Column
Never Split The Difference: Building a Successful Product Business
- Written by Samantha Johnson
The one piece of advice I’ve held close to my heart since becoming a CEO is this: don’t share things you don’t want an opinion on.
As a product designer, my favourite moment on the development journey is when the design team thinks *job done*.
It is most definitely not the bit where everyone else sees it and starts weighing in with how they’d tweak the design.
The thing about products is everyone uses them. Which tends to make them think they have an incisive and creative mind about them. And that, dear reader, is simply not the case.
In my design journey, I’ve had to become ruthless about who, how, and when I let people into the creative process. There are entire swathes of people who I no longer show anything - they’ll find out at the same time as the ‘gram.
There are others who I show because I love them dearly, but that I ignore entirely when the feedback comes.

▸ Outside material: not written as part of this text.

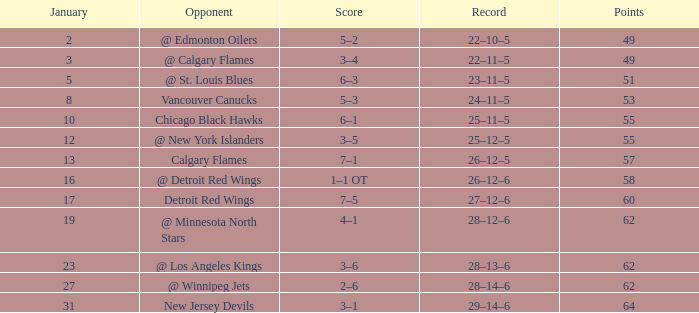How many Games have a Score of 2–6, and Points larger than 62? 0.0. Could you help me parse every detail presented in this table? {'header': ['January', 'Opponent', 'Score', 'Record', 'Points'], 'rows': [['2', '@ Edmonton Oilers', '5–2', '22–10–5', '49'], ['3', '@ Calgary Flames', '3–4', '22–11–5', '49'], ['5', '@ St. Louis Blues', '6–3', '23–11–5', '51'], ['8', 'Vancouver Canucks', '5–3', '24–11–5', '53'], ['10', 'Chicago Black Hawks', '6–1', '25–11–5', '55'], ['12', '@ New York Islanders', '3–5', '25–12–5', '55'], ['13', 'Calgary Flames', '7–1', '26–12–5', '57'], ['16', '@ Detroit Red Wings', '1–1 OT', '26–12–6', '58'], ['17', 'Detroit Red Wings', '7–5', '27–12–6', '60'], ['19', '@ Minnesota North Stars', '4–1', '28–12–6', '62'], ['23', '@ Los Angeles Kings', '3–6', '28–13–6', '62'], ['27', '@ Winnipeg Jets', '2–6', '28–14–6', '62'], ['31', 'New Jersey Devils', '3–1', '29–14–6', '64']]}

And then theres a crystal clear inner circle of artists who just *might* get those sneak peaks. The ones who can stand aside from their personal preferences and walk in the shoes of the client for a moment or two.
When you find those people, hang on to them tightly.
What I’ve realised about great product, is that there’s nothing ‘great’ about a crowd pleaser. It is, by its very nature, average. Neither creating loyal fans or huge detractors. It sits in that awful middle category of ‘nice’.
Now, my background is in advertising and the one thing you dont want from an ad is for it to be ‘nice’. Because nice things are neither memorable nor repeatable.
Nice things are the ones you forget about the moment you put them down.
Great product, the kind of product that drives repeat purchases, that product is polarising.
You must both love and hate it in equal measure.
An aficionado of mid-century modern or a lover of tropical prints would despise what I do. But my brand is for an aspiring English hostess - a lover of soft tones, the natural world and taking things a little bit more slowly.
She’s for those of us who romanticise dead-heading roses and making children’s birthday cakes on demand - whilst we sit at our corporate jobs.
For someone to love what you do enough to be a true advocate, a life-long fan, someone else must decidedly declare it ‘not for them’.
To build a successful product business, one must decisively eschew ‘nice’ in favour of memorable superlatives - ‘wonderful’, ‘inspiring’, ‘controversial’ and my personal favourite ‘vile’.